OPINION

Erdogan’s own goals

Erdogan’s own goals

Recep Tayyip Erdogan’s abrasive attitude toward Greece is not just intensely frustrating for us – which the Turkish president could not care less about – it also exposes him internationally and does little to help relations with the United States and the European Union – which he does care about, and very much so.

The strategy of verbal threats, which is now being enriched with insults, lies and baseless accusations against Greece – including photo displays by the Turkish president himself – serves no purpose and only further sullies his tainted image.

The Greek foreign minister reacted promptly and in great detail to the Turkish president’s latest outrageous histrionics and the prime minister is expected to give a more comprehensive response during his speech to the UN General Assembly on Friday.

Greece’s reactions and interventions are, of course, important and the more comprehensive and convincing they are, the better. But they are also expected, and are treated as such by third parties.

What is more important, however, is that Erdogan’s actions and statements are not hitting the mark with the audience he (and Greece) cares about the most: the international community. And given his efforts to strengthen his country’s military and prop up its economy, the international community mainly boils down to the US and Europe.

Thanks to being abroad for many years, I dare say I have a pretty good idea of how American and European officials think. It matters to know how they view certain people, interpret facts and understand events. And Erdogan’s extreme antics are not finding the desired response in Washington and Brussels. They are, instead, only exacerbating frustration at his overall stance on a string of issues.

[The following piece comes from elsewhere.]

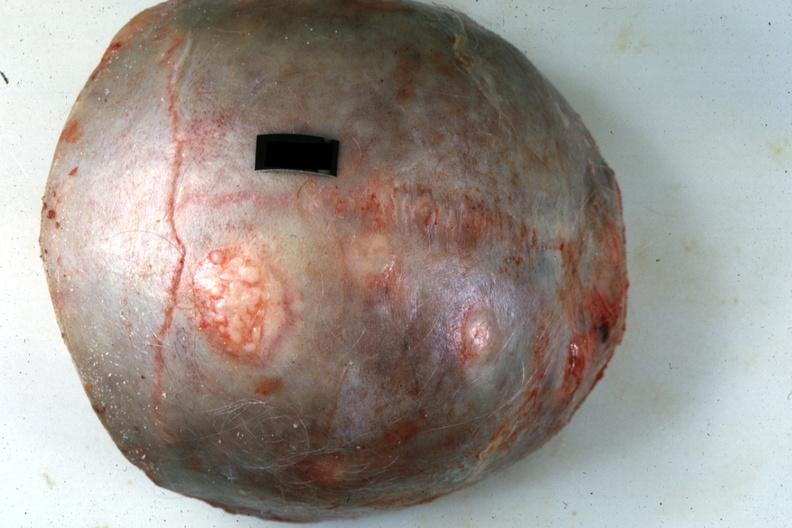what does this image show?
Answer the question using a single word or phrase. Skull cap with obvious metastatic lesions primary in pancreas 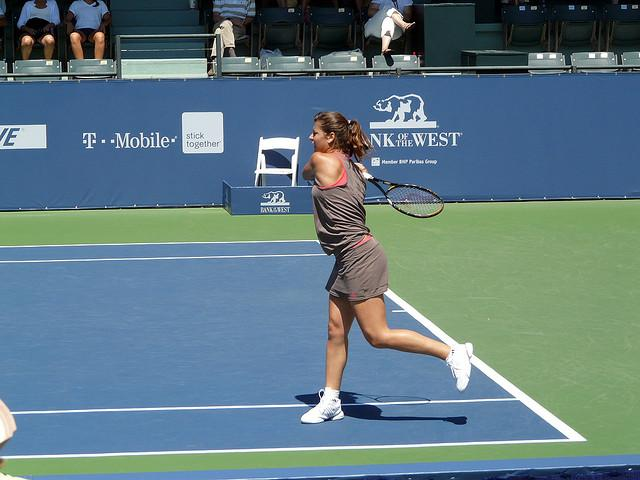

When this specific Turkish president, known for his questionable abrasive behavior, not just toward Greece but so many others too, chooses the UN podium as a platform to accuse Greece of atrocities and claim it is turning the Aegean into a graveyard, he is making a fool of himself and inevitably undermining the positions he wants to promote in the framework of Greek-Turkish relations.

Every time Erdogan makes a false accusation and uses incendiary rhetoric that is unconvincing and an insult to common sense, he reduces his own credibility in the eyes of the Western world in everything he claims on a series of questions.

The Turkish president is painting himself into a corner of isolation. He has transformed Turkey from being regarded 15 years ago as a paradigm of a Muslim, to some degree democratic country, and an important member of NATO with close ties to the EU and decent prospects of accession, into an unpredictable factor of destabilization that walks hand in hand with the Shanghai Cooperation Organization and even eyes full membership there.

Greece is not Erdogan’s biggest problem; what is, is his own unstable behavior geopolitically, his own aggression and his own goals.